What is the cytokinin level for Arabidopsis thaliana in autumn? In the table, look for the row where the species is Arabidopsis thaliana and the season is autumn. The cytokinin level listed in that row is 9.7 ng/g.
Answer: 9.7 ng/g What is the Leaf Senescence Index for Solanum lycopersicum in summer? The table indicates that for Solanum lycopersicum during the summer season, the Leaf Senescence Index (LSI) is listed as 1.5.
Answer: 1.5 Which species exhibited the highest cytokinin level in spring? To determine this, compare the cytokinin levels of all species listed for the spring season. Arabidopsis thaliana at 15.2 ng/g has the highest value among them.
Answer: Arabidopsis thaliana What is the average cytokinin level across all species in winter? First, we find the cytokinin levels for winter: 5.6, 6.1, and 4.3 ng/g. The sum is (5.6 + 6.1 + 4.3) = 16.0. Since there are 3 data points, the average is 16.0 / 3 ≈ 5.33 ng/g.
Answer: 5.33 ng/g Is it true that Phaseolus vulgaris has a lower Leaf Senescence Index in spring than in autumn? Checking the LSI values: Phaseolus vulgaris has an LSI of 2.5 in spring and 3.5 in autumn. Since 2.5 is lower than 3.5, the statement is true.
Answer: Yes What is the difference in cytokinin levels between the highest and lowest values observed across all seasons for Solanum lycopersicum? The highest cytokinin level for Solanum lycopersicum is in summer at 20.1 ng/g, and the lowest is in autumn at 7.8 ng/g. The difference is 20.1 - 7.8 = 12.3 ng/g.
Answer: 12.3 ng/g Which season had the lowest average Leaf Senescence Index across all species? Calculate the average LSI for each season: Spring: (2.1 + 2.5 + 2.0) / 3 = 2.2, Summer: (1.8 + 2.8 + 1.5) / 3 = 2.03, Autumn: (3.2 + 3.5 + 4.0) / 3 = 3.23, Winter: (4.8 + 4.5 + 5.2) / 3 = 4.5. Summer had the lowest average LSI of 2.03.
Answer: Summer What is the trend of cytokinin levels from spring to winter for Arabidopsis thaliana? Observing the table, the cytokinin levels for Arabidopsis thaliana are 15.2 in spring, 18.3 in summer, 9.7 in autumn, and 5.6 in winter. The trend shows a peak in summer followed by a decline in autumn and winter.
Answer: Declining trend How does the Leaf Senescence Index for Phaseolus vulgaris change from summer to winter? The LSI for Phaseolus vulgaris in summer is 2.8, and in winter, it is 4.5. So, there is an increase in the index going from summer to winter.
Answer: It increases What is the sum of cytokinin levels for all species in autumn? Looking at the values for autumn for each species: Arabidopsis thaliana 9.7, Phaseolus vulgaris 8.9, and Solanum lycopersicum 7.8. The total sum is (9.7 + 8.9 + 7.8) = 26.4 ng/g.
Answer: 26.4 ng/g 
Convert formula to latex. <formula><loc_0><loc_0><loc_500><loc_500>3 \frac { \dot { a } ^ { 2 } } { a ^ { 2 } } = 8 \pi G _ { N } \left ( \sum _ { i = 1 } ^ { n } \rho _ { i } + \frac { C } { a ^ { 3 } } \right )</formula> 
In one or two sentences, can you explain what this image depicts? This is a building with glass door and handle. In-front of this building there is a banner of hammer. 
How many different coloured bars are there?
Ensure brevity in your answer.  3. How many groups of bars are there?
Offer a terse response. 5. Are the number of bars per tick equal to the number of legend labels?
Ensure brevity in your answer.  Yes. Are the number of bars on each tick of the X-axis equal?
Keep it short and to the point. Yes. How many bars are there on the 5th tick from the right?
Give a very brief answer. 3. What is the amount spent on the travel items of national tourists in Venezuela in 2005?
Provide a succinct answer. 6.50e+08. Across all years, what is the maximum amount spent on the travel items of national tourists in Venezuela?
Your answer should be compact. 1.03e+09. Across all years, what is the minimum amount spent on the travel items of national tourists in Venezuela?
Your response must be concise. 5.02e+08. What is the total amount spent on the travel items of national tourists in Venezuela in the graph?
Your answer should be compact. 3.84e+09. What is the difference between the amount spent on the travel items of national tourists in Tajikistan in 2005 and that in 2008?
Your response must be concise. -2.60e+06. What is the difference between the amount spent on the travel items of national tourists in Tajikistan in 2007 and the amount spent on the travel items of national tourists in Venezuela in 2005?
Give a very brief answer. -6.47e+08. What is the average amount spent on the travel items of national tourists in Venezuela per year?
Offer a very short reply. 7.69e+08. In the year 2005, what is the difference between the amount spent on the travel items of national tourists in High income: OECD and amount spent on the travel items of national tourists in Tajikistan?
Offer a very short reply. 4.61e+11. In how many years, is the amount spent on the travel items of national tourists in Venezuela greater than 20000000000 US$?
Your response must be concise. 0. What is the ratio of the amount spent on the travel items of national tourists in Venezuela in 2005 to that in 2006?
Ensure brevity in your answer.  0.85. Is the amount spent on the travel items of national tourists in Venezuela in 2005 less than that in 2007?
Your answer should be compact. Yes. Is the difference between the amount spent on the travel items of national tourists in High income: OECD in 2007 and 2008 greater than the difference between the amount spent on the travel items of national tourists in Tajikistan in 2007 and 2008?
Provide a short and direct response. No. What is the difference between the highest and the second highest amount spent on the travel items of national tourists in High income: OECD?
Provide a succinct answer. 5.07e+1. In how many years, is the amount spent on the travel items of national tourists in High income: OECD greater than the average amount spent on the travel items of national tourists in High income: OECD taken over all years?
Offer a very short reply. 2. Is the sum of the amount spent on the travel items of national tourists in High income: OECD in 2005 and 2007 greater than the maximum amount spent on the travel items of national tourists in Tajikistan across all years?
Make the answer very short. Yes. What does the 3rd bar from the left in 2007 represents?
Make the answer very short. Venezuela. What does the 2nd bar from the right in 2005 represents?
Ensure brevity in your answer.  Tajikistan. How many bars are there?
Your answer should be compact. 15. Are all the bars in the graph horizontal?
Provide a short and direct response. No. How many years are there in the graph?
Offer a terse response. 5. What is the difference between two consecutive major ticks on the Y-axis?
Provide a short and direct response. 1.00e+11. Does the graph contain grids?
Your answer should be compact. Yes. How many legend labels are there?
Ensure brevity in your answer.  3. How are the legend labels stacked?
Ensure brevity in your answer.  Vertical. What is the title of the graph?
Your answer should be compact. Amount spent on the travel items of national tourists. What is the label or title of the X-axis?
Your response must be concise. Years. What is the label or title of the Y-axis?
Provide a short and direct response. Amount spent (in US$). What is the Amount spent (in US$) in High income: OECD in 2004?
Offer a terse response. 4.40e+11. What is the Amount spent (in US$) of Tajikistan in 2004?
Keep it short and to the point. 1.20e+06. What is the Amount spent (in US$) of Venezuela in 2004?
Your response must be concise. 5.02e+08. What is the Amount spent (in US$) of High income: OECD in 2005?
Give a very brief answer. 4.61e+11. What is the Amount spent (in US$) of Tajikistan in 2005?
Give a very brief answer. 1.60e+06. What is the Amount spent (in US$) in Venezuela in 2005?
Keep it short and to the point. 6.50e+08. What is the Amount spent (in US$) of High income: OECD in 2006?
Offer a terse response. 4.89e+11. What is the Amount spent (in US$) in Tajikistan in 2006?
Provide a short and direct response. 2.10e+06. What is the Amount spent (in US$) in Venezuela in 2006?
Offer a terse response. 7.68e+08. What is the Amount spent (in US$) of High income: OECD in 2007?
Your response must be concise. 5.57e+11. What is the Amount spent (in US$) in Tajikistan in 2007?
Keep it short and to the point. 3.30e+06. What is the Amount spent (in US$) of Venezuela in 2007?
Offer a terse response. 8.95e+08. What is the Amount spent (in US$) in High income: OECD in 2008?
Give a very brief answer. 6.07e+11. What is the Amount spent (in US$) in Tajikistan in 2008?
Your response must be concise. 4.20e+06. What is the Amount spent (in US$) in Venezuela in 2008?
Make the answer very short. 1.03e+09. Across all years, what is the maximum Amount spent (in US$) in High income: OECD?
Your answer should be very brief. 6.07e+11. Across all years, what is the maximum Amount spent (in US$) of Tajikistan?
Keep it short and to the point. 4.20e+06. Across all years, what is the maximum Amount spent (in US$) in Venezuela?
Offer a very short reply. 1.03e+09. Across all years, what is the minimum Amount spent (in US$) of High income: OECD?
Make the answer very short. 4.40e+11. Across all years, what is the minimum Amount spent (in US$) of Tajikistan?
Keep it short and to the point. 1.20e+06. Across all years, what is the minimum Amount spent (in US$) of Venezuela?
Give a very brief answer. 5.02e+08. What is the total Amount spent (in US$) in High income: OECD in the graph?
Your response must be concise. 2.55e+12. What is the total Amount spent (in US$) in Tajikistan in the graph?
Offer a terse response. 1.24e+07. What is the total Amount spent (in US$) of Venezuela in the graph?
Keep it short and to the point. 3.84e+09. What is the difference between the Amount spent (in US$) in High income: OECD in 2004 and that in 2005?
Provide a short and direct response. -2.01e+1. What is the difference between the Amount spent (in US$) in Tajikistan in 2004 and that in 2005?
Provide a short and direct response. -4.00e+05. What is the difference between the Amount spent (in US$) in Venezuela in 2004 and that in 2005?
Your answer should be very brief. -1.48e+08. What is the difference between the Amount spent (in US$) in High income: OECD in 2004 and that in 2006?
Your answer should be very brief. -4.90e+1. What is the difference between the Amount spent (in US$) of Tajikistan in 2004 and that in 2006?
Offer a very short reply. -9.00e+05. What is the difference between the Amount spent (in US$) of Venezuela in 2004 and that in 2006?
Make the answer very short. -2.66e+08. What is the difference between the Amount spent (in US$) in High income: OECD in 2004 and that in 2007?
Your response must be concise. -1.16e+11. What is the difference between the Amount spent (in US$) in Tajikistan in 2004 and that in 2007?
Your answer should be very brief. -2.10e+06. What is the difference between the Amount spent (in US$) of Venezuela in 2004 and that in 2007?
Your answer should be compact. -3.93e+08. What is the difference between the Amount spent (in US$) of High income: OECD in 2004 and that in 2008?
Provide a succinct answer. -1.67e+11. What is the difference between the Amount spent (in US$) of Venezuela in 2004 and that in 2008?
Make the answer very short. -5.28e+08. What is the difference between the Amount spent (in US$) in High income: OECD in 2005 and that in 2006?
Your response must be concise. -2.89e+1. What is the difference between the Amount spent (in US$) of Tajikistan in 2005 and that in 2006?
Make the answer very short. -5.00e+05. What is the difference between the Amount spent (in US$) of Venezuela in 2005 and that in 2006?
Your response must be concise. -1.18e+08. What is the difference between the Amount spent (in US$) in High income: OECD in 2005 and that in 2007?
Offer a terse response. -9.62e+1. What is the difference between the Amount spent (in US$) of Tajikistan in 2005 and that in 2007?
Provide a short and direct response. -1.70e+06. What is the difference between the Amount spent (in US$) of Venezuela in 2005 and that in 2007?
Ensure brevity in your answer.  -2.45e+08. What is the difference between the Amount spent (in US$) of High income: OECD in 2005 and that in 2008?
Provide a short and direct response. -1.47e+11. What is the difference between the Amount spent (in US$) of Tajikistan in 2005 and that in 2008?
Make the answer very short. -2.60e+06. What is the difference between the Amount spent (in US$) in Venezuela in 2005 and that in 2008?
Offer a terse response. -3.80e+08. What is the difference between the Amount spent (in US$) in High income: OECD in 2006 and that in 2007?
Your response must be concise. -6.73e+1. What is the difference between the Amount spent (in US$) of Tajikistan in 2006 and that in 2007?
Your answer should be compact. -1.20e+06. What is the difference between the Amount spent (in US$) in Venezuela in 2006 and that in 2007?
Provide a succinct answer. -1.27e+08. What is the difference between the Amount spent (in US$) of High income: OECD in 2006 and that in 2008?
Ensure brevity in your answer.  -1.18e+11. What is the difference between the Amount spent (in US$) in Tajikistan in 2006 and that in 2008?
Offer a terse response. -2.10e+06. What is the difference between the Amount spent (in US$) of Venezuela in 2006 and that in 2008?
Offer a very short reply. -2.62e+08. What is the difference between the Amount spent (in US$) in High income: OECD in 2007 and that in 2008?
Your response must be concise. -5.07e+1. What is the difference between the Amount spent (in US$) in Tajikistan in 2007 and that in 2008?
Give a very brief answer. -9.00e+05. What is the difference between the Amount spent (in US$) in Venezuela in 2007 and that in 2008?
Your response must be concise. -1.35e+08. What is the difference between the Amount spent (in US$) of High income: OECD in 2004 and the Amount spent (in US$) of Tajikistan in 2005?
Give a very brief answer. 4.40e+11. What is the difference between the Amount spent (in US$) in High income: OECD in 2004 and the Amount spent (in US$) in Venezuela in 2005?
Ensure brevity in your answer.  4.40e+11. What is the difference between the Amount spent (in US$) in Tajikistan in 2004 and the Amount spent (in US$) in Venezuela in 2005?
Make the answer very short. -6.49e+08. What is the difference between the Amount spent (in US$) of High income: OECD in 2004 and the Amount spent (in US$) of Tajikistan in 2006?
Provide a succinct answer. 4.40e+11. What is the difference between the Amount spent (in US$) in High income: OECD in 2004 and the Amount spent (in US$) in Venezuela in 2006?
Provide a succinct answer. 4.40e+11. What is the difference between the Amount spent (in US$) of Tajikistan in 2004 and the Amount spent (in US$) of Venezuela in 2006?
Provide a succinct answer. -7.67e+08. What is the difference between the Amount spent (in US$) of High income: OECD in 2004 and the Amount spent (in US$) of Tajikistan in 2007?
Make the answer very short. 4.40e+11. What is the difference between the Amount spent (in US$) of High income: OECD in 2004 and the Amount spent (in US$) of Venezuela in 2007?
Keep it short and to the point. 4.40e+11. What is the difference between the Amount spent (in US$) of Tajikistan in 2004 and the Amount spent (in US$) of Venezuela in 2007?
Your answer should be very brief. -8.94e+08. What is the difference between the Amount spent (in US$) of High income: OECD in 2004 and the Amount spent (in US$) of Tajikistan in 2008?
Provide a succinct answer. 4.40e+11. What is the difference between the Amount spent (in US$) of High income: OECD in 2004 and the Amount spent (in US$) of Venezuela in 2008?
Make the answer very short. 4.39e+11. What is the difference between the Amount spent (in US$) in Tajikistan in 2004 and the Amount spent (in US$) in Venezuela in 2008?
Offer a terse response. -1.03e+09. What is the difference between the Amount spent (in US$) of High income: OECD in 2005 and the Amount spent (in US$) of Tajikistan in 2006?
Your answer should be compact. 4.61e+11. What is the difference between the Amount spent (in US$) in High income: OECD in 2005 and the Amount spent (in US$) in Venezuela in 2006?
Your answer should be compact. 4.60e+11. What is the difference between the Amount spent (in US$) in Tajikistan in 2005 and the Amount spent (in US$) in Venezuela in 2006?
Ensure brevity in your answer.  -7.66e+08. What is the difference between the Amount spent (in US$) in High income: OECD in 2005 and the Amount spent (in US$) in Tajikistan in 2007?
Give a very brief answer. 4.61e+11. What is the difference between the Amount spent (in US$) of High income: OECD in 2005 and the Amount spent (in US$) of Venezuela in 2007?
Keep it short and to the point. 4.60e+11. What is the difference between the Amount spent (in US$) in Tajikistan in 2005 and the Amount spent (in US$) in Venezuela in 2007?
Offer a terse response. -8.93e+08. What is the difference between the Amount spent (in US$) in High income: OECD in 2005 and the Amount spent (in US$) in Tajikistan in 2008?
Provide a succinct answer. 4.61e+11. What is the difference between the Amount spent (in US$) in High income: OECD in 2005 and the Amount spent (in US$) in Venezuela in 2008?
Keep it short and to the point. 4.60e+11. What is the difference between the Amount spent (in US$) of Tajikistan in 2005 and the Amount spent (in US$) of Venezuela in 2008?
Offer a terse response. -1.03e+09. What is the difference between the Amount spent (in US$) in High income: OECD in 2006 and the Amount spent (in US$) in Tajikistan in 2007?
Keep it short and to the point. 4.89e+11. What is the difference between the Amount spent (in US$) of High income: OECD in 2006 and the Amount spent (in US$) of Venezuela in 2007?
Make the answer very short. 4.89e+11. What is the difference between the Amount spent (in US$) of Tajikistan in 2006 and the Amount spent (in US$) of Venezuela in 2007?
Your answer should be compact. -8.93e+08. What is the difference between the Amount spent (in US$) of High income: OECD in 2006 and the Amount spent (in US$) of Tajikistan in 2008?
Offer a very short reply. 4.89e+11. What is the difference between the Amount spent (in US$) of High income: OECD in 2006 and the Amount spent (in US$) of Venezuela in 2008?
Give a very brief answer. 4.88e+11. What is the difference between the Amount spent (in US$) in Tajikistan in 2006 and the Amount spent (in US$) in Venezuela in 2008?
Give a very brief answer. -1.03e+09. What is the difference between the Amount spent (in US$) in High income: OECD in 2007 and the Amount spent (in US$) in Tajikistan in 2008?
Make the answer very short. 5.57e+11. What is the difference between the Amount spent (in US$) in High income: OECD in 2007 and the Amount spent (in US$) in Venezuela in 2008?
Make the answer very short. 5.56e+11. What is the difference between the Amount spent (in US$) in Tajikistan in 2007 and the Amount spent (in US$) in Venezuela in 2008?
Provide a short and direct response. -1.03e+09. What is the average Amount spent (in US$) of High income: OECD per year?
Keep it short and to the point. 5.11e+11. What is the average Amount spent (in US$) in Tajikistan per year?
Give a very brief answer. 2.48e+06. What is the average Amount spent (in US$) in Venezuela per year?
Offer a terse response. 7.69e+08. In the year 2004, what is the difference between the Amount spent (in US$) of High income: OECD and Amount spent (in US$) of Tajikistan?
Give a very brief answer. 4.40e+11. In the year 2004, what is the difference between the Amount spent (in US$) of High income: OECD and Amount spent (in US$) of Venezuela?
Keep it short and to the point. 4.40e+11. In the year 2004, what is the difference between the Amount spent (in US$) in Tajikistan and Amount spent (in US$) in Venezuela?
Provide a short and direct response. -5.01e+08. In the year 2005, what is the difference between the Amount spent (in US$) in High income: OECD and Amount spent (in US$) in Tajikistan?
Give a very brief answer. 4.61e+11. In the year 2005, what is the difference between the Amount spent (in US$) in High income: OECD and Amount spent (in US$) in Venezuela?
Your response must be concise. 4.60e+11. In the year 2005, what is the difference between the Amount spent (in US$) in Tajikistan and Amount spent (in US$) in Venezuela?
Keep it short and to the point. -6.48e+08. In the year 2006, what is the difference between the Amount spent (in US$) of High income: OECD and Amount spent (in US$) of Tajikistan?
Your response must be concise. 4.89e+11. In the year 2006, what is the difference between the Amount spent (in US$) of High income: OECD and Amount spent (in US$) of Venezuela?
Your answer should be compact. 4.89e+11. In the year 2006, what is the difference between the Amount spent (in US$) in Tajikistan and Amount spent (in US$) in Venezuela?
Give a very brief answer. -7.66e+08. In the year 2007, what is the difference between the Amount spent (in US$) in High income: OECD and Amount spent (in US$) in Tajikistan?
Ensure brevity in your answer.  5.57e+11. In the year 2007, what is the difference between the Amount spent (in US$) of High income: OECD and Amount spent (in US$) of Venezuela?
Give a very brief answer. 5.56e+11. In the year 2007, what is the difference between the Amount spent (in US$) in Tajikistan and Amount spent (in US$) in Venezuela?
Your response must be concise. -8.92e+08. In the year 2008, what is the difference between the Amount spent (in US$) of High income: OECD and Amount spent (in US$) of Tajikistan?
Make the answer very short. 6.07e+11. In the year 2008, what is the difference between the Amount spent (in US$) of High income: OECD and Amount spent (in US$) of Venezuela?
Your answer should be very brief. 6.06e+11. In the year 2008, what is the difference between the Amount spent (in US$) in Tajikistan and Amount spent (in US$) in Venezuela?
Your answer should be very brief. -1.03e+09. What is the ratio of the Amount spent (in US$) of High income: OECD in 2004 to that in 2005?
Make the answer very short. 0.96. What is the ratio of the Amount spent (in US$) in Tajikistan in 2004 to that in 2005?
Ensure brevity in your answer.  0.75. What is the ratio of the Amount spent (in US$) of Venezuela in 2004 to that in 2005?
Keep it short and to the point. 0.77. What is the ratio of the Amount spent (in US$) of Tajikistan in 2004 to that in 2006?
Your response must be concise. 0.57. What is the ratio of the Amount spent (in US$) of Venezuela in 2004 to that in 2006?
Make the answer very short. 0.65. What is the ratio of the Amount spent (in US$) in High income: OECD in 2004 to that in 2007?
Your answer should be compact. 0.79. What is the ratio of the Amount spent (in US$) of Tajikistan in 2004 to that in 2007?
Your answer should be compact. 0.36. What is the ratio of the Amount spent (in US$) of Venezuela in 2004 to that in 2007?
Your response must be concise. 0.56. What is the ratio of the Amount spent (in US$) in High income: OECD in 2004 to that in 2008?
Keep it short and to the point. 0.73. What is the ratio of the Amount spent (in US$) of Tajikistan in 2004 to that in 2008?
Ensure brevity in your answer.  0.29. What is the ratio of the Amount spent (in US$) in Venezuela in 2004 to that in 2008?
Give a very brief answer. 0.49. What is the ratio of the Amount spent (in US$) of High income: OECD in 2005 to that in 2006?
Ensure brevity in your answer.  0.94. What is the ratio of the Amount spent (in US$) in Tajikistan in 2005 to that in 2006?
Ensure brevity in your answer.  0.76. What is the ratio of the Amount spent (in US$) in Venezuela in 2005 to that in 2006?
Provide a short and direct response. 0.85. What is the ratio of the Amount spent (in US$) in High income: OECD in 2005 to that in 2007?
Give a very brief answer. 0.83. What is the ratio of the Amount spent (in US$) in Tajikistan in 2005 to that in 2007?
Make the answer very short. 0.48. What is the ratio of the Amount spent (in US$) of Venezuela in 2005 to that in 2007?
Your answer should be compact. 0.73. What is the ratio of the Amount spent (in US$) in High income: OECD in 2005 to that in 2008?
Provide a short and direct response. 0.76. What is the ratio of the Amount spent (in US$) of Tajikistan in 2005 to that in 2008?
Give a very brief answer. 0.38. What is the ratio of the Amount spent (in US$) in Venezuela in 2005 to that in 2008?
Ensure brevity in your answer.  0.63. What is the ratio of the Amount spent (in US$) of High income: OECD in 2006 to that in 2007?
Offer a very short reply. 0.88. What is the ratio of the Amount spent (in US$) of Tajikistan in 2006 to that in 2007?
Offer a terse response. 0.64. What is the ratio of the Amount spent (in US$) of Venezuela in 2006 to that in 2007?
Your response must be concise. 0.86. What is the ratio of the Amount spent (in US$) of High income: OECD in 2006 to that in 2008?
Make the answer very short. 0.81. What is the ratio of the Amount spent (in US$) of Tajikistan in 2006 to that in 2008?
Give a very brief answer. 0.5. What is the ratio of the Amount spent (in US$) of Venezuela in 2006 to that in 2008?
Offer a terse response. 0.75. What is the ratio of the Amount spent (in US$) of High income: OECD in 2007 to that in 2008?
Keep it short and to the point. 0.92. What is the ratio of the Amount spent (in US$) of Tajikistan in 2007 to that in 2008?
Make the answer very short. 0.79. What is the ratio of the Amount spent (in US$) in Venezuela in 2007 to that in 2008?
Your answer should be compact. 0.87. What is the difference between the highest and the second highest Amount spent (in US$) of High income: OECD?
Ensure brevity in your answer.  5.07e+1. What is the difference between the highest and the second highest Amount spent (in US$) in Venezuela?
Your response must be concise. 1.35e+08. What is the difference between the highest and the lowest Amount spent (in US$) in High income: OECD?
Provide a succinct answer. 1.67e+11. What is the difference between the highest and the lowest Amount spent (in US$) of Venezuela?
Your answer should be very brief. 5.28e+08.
------
▸ **YOUR GOAL**
Retype the portion of the data above that starts on the line with "many bars are there?" and finishes on the line with "Provide a short and direct response. No. How", including both of those lines.

▸ **RESULT BELOW**
Ensure brevity in your answer.  Tajikistan. How many bars are there?
Your answer should be compact. 15. Are all the bars in the graph horizontal?
Provide a short and direct response. No. How many years are there in the graph?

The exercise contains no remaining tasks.